# Best recipe for Whiting



## lipjerker (Apr 27, 2012)

Who thinks they have best recipe for whiting? Come on guys let's have em.


----------



## Whoopin It Up! (Dec 20, 2010)

I like Whiting like this:
For the past 2 summers I have made an effort to catch Whiting in the Surf at Padre Island National Seashore (PINS). And once I catch them, I like to have the old fashioned fish fry right there at PINS. But 1st you have to catch them! 

I have discovered you can readily catch whiting right on the PINS beach in front of the Maequite Visitor Center in the Month of August. The surf water is warm, the bait fish is in the surf, and so is the Whiting (and specs & reds, too)... but the Whiting population in the PINS surf is over the top in Mid-August!!! I use a 7' rod with spin reel and extra light jig heads. My favorite is the Bomber Saltwater Ny-la Lure Jig in a peppermint color. You can tip the hook with just a dab of FishBites and that's all that is needed. One Bomber artificial lure and a 8 to 12 pound test line and you are good to go! I caught about 75 Whiting all by myself in 2 hours this past August 2012. I must have released another 25 that was small, but the 75 were good sized keepers. I just iced them down in the old Igloo. I work up a big appetite in all that wade/surf action. With many Whiting filets (very fresh filets, for sure!) I get my on the beach fish fry ready! I use my propane powered deep fryer. I just fry them to a nice golden brown - using a store bought fish fry such as Tony Chasseriers', or Deep South Golden Fish Fry - - - any will do. The point is you can have delicious fish & chips (fries) and cole slaw at the beach! Plus have fun catching your meal!


----------



## JOHNNYREB (Apr 20, 2006)

I have made fish tacoes on the beach using whiting, they were good.... other then that, they come in on a hook and go out on a bigger hook!


----------



## Whoopin It Up! (Dec 20, 2010)

*I'll drink to that!*



JOHNNYREB said:


> I have made fish tacoes on the beach using whiting, they were good.... other then that, they come in on a hook and go out on a bigger hook!
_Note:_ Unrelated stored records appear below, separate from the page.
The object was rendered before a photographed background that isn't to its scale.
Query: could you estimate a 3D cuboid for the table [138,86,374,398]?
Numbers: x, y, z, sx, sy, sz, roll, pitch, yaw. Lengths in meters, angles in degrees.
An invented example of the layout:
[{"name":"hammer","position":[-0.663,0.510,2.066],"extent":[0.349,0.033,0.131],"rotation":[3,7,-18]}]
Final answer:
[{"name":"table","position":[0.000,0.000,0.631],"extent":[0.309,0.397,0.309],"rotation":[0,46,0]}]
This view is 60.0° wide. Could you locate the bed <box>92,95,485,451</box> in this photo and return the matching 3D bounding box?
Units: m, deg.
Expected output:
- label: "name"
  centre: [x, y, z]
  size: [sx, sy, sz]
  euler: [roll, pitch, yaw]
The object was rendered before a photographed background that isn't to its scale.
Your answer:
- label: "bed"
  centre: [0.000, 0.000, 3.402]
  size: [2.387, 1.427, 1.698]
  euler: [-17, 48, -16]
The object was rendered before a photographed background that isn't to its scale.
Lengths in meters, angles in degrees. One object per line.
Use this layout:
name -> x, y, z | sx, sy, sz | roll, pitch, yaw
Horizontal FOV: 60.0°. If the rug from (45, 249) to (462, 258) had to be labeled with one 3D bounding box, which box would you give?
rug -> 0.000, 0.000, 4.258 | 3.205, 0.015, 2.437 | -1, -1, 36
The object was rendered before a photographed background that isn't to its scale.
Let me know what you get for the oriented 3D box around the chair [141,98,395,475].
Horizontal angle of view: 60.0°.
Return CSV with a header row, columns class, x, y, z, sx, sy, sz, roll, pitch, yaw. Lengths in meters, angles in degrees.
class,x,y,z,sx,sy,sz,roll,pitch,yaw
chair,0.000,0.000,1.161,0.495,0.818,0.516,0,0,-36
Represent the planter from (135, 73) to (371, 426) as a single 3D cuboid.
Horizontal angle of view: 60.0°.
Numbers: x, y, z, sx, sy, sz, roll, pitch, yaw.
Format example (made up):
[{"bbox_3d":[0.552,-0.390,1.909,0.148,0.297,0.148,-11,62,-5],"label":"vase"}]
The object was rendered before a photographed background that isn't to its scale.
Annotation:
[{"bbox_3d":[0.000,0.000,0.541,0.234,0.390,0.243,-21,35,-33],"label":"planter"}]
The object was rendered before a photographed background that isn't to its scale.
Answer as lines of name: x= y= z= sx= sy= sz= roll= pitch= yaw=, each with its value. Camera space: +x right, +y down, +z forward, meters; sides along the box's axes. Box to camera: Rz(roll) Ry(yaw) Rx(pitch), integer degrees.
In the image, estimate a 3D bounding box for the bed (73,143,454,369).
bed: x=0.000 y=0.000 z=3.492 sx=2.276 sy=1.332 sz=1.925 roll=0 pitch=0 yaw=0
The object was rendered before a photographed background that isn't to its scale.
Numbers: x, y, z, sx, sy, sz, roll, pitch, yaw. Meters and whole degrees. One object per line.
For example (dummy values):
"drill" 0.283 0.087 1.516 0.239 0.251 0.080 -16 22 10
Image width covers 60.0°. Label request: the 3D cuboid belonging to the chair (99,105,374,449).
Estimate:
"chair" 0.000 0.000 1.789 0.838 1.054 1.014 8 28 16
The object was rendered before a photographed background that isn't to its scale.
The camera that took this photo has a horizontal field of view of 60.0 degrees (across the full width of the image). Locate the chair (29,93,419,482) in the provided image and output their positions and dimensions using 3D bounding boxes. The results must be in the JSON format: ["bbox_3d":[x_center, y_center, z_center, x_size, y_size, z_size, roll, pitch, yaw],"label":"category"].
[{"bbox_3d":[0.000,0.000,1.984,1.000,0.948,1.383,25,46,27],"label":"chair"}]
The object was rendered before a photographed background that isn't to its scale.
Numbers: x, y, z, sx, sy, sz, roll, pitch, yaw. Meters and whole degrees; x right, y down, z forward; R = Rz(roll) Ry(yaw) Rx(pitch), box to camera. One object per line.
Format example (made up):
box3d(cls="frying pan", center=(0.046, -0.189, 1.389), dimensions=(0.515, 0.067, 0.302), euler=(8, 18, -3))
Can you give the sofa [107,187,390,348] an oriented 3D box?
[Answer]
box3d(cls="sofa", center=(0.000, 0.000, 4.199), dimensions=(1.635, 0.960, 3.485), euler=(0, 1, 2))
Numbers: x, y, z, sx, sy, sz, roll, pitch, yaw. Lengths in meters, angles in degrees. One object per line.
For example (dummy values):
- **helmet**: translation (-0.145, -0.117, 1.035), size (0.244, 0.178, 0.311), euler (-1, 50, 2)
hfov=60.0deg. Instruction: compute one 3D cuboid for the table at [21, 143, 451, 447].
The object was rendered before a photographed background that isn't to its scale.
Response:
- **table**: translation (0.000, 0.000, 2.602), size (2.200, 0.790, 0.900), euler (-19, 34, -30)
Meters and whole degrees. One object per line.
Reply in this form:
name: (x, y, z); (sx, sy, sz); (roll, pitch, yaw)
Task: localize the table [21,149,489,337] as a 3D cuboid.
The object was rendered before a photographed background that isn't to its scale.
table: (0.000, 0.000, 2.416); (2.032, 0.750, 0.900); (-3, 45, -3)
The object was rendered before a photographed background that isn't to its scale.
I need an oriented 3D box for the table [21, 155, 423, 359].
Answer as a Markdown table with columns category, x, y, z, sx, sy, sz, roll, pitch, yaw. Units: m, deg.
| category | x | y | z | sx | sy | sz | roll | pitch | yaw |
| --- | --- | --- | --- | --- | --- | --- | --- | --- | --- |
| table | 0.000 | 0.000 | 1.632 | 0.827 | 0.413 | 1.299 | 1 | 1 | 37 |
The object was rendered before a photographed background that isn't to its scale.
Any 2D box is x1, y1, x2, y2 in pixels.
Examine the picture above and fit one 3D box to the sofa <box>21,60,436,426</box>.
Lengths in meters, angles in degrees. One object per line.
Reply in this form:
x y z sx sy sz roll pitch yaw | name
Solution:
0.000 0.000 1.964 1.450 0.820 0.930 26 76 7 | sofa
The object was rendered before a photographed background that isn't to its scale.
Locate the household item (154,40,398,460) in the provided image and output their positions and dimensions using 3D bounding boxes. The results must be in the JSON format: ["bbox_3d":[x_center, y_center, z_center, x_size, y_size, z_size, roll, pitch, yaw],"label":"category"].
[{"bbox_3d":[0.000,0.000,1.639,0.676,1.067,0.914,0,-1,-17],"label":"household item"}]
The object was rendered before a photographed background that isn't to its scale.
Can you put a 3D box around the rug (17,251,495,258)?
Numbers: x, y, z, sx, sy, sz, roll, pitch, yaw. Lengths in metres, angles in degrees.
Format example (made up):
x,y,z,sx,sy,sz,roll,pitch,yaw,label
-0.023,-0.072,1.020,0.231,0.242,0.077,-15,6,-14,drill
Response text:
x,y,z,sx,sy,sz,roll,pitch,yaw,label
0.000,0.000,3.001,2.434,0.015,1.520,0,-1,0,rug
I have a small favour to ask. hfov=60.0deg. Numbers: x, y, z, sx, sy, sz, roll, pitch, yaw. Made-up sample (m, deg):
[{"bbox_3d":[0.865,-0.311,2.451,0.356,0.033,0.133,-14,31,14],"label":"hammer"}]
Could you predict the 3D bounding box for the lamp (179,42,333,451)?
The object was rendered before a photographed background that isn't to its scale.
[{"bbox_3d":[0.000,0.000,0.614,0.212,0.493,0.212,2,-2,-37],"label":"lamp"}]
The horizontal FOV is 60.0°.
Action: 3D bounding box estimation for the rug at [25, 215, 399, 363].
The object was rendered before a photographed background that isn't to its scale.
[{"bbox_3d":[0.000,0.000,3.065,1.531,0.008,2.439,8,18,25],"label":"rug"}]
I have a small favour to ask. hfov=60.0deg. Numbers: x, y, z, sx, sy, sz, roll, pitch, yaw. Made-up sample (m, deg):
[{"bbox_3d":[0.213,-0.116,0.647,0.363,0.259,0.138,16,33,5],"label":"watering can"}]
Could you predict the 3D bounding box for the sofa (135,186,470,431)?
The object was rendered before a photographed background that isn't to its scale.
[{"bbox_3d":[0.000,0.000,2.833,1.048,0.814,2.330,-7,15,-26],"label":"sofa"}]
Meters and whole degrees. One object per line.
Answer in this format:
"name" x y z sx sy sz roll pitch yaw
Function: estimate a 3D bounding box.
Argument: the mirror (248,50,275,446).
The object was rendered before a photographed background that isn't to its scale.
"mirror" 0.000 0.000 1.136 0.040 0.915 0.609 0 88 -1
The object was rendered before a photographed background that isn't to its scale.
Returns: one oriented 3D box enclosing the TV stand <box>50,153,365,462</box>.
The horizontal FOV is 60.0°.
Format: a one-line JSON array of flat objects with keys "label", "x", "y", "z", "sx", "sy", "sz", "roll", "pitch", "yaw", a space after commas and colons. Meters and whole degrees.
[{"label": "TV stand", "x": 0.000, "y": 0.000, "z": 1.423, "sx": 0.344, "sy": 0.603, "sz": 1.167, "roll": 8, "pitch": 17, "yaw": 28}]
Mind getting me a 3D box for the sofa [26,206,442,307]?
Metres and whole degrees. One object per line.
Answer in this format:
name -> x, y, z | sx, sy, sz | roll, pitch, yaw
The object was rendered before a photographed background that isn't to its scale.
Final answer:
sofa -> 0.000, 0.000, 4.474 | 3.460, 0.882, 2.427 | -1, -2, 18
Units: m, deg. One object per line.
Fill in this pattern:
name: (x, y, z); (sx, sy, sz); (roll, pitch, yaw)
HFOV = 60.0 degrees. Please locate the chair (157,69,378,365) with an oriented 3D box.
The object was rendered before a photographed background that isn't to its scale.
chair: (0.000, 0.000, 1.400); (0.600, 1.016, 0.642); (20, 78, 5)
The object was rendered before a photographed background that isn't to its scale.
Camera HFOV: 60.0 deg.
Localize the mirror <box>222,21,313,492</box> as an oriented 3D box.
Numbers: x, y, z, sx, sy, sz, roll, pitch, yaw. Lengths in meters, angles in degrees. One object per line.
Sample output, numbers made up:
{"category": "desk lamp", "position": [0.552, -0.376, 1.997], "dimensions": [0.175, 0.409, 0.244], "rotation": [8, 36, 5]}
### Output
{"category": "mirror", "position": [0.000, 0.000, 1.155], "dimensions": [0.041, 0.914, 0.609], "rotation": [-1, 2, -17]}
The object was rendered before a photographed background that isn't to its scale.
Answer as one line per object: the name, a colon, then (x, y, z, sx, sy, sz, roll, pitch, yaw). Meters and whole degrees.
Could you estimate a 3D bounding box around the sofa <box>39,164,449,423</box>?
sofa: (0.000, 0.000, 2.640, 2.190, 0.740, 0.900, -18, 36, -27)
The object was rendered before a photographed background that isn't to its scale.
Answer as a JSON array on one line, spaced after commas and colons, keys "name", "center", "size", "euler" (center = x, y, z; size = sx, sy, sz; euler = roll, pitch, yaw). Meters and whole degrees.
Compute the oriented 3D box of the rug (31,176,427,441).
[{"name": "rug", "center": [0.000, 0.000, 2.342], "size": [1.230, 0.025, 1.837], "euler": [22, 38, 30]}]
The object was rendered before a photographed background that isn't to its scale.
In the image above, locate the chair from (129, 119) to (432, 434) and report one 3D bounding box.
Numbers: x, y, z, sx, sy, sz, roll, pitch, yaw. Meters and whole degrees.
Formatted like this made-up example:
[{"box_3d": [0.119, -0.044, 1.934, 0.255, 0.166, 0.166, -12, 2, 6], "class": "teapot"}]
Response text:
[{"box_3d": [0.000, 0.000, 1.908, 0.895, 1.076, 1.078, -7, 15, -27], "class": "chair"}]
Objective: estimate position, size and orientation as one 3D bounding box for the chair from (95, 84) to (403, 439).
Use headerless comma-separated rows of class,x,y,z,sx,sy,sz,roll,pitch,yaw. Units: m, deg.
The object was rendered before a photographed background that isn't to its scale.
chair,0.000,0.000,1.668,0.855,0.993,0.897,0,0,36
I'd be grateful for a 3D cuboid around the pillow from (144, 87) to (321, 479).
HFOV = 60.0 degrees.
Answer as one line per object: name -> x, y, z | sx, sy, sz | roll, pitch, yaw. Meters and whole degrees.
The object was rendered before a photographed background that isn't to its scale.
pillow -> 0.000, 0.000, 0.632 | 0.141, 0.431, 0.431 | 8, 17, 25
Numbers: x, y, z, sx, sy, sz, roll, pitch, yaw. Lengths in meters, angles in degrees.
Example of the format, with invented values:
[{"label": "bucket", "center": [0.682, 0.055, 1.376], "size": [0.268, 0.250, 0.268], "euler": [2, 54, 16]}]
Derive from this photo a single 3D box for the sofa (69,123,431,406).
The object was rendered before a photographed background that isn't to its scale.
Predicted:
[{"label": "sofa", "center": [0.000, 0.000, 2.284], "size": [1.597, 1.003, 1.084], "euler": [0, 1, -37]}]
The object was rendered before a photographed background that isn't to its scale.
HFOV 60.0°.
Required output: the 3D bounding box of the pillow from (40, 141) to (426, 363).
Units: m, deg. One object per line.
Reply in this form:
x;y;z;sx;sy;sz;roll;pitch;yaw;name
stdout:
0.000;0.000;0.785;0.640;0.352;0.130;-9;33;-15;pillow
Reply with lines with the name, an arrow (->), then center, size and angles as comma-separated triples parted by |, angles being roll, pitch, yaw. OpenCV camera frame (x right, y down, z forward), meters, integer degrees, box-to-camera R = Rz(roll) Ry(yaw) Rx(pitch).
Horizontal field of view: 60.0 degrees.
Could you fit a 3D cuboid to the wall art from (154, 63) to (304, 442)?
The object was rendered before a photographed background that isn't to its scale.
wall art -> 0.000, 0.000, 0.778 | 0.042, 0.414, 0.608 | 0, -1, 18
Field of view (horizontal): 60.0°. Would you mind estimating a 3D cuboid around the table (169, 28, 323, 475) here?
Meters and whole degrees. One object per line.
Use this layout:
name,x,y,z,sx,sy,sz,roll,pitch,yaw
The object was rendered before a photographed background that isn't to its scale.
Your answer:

Fish Tacos ... I will try thatmy next time on a Whiting trip!


----------



## Jolly Roger (May 21, 2004)

Also makes great ceviche


----------



## bigfost (Oct 11, 2004)

When I moved to Mississippi, I learned right away they eat mullet. My recipe for whiting is the same as I used to tell the guys there about mullet.

Take one large whiting, cut into three pieces. Place on hook and turn into three bull reds, sharks, jacks, etc.


----------



## Rawpower (Jul 4, 2011)

If I catch a small one I cut em in half and put em on a circle hook. I hear they are good eatin but never tried them though.


----------



## troutless (Feb 17, 2006)

When my kids were young we spent a week at SS very summer we cooked several meals of Whitings while we were there. One it taught that what you catch you either let loose or you ate. Plus it made them feel good about catching supper.


----------



## surfguy (May 17, 2011)

I've cooked 'em and used them for bait. I only keep the big ones for both reasons, otherwise it's too much fight for the bite. I grill them like I do all my surf fish: Coat some tin foil with a healthy portion of olive oil, slap the whiting fillets skin down, spice the top with blackened seasoning, garlic salt and lemon juice (optional), cook on low/medium heat (~325 deg) for 15-20mins, turn over and peel the cooked skin off, spice this side the same way, grill another 10-15mins, EAT. Makes great fish tacos too. Sharks and Bullreds like whiting sashimi!


----------



## shadslinger (Aug 21, 2005)

Cook em foil(about like surfguy does) right on the beach fire when you are starving after surf fishing, swimming in the waves and digging the truck out of the sand. 
They will be the best fish you ever ate!
Told a guy from Louisiana once that whiting were good to eat. He said "What? Nobody eats _channel mullet_" I said "Dude you guys eat real mullet" enough said!


----------



## Swells (Nov 27, 2007)

All them small fish like pompano I just gut them, use a spoon to remove the scales, dust them in fish fry coating, anything will do, and cook them in a pan with a tablespoon or two of oil. I like cast iron but that won't do on a ceramic stove top. Been eating crappie that way for years. Even baked them that way. Learned that from Russel Tinsley's book "Fishing in Texas." He uses busted Ritz crackers for his recipe.


----------



## histprof (Oct 30, 2011)

Smaller ones (6-8") become bait if needed. I usually start tossing them in the cooler at +10" or so. Gotta love the big ones (some up to 15" this year). I fillet, skin and de-bone the fish. It doesn't leave lots of meat, but they go fast. I can clean a dozen in 15 min or so. There are only 2 fish eaters in my house (me and mother in law) so I don't need a lot of fish to have a meal. In the kitchen, I go with one of two options.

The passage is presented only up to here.